Hillary Cheruiyot Ngetich

Personal information
- Nationality: Kenyan
- Born: September 15, 1995 (age 30)
- Height: 171 cm (5 ft 7+1⁄2 in)
- Weight: 57 kg (126 lb)

Sport
- Sport: Athletics
- Event: 1500 metres

Achievements and titles
- Personal best: 1500m: 3:32.97 (2016);

Medal record
Men's athletics
Representing Kenya
World U20 Championships
| Silver medal – second place | 2012 Barcelona | 1500 m |
| Bronze medal – third place | 2014 Eugene | 1500 m |

= Hillary Ngetich =

Kenyan middle-distance runner

Hillary Cheruiyot Ngetich (born 15 September 1995) is a Kenyan middle-distance runner specializing in the 1500 metres. He is a two-time World Athletics U20 Championships medalist in the 1500 m, in 2012 and 2014.

==Biography==
As a 14 year old, Ngetich ran a time of 3:51.00 at altitude for the 1500 metres at the Kenyan national junior championships.

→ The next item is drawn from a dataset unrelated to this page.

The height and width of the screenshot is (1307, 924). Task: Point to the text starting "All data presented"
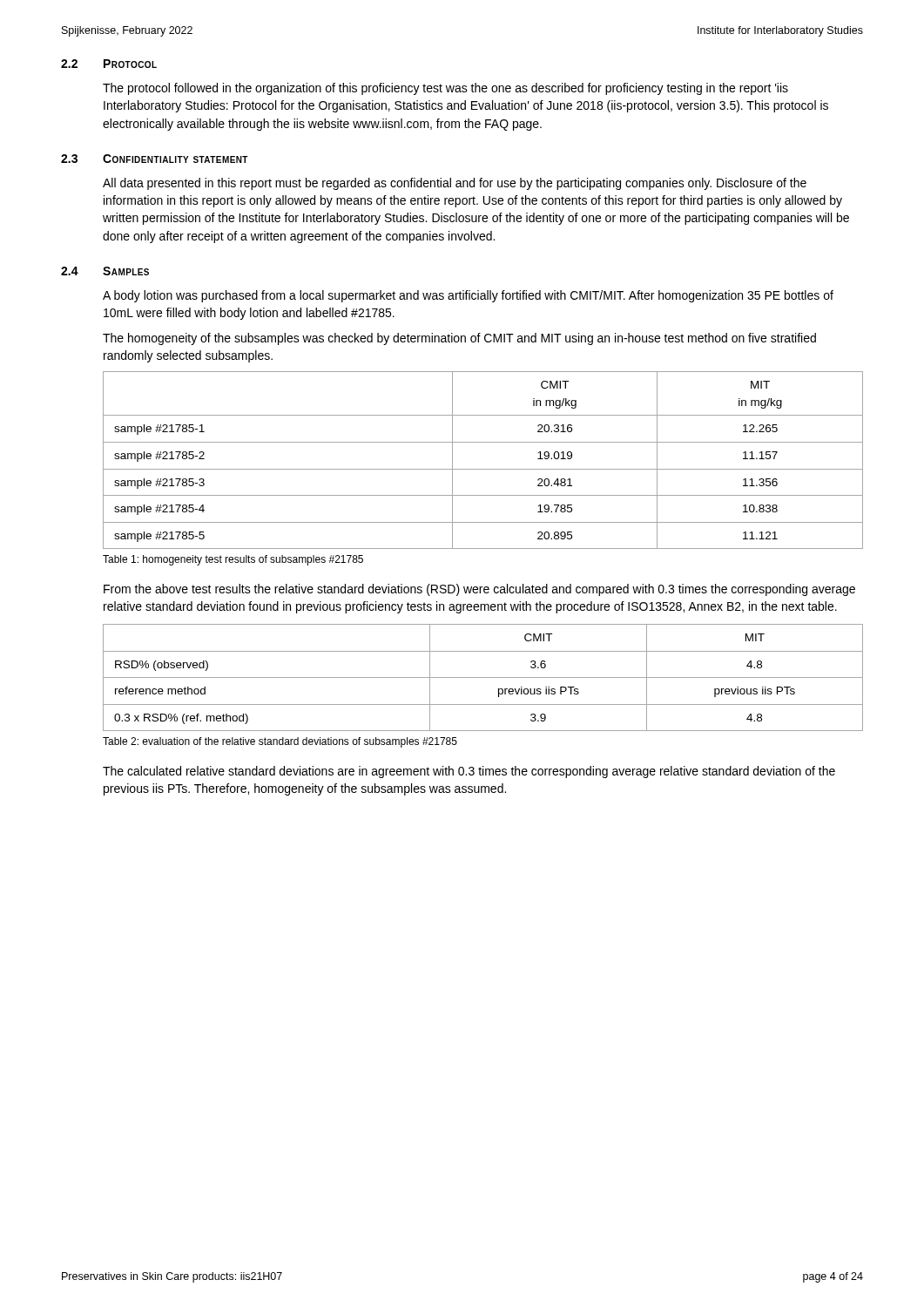(x=483, y=210)
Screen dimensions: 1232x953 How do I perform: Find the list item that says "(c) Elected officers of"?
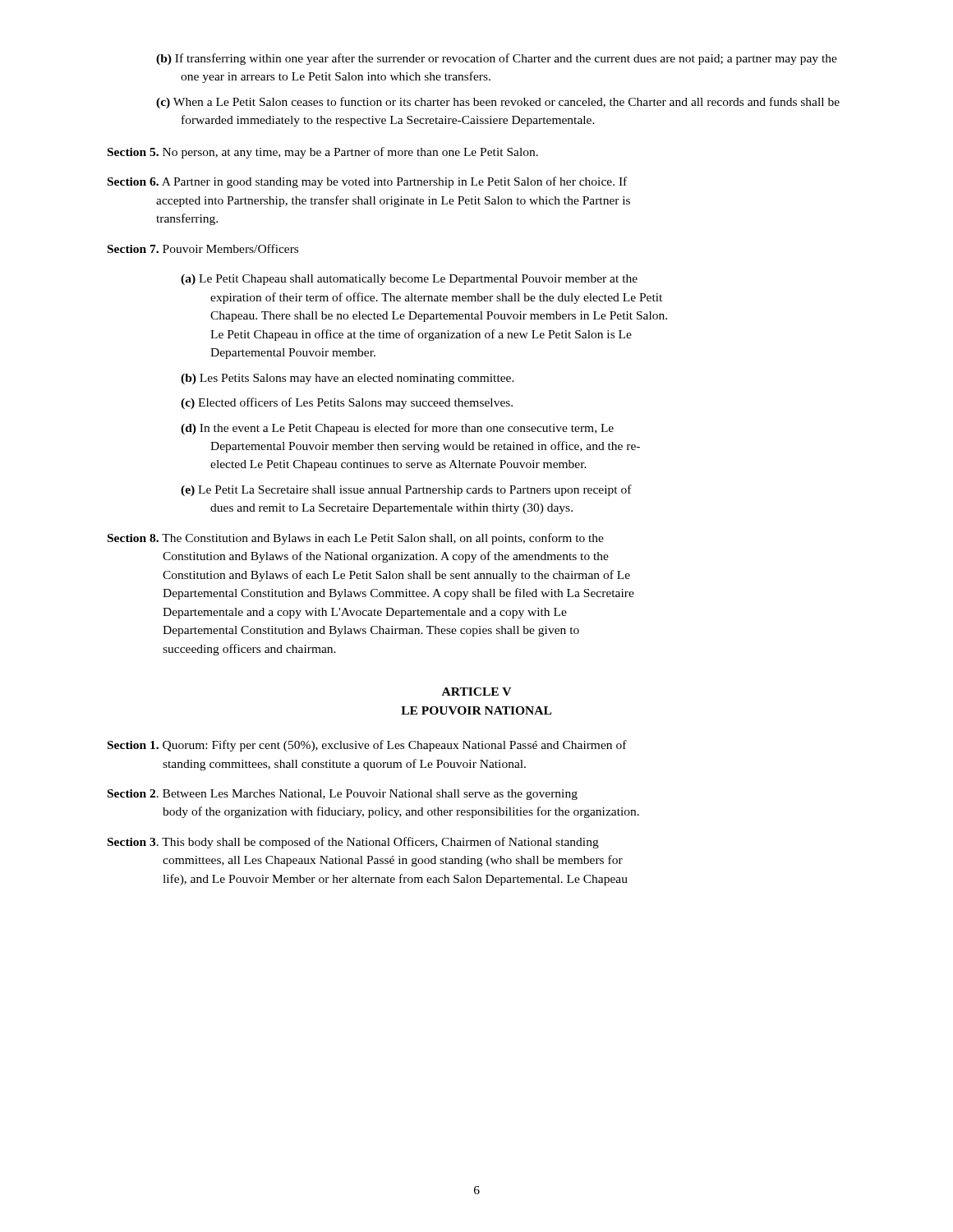347,402

His first major international competition was at the 2012 IAAF World Junior Championships, where he set a PB of 3:40.39 in the final to finish 2nd. Ngetich only lost to Hamza Driouch of Qatar, who later served a two-year drug suspension for doping that annulled his 2012 Olympic results, but not his world junior championships result.

Two years later, Ngetich won another medal at the World Junior Championships in Eugene, Oregon, this time a bronze losing to countryman Jonathan Kiplimo Sawe and Abdi Waiss Mouhyadin.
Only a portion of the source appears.